/---
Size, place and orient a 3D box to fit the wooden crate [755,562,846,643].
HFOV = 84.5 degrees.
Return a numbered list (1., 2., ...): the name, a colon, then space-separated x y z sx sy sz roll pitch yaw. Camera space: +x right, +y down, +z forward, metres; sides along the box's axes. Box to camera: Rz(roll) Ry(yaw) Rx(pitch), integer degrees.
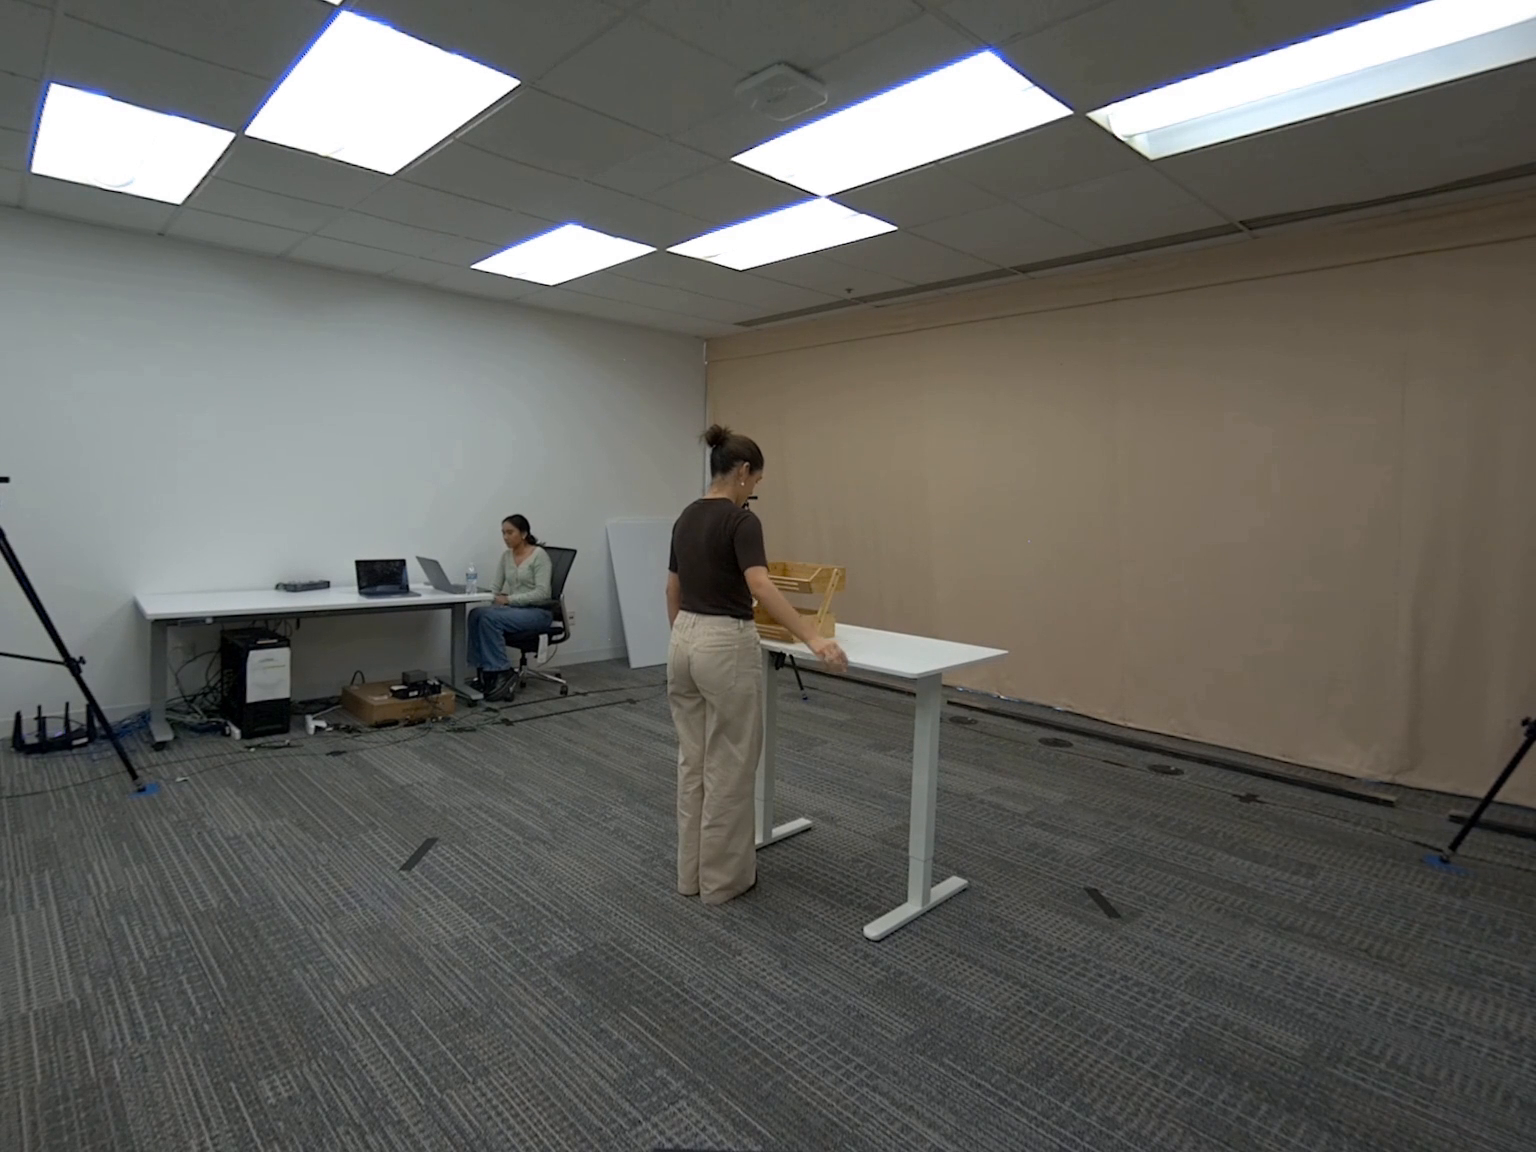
1. wooden crate: 0.065 0.086 3.152 0.333 0.272 0.295 6 6 42
\---
_WORK TO COMPLETE_
Any picture in the data is to be skipped, while each line is returned exactly as written.

_ANSWER TO THE EXERCISE_
Size, place and orient a 3D box to fit the wooden crate [755,562,846,643].
HFOV = 84.5 degrees.
Return a numbered list (1., 2., ...): the name, a colon, then space-separated x y z sx sy sz roll pitch yaw. Camera space: +x right, +y down, +z forward, metres; sides along the box's axes. Box to camera: Rz(roll) Ry(yaw) Rx(pitch), integer degrees.
1. wooden crate: 0.065 0.086 3.152 0.333 0.272 0.295 6 6 42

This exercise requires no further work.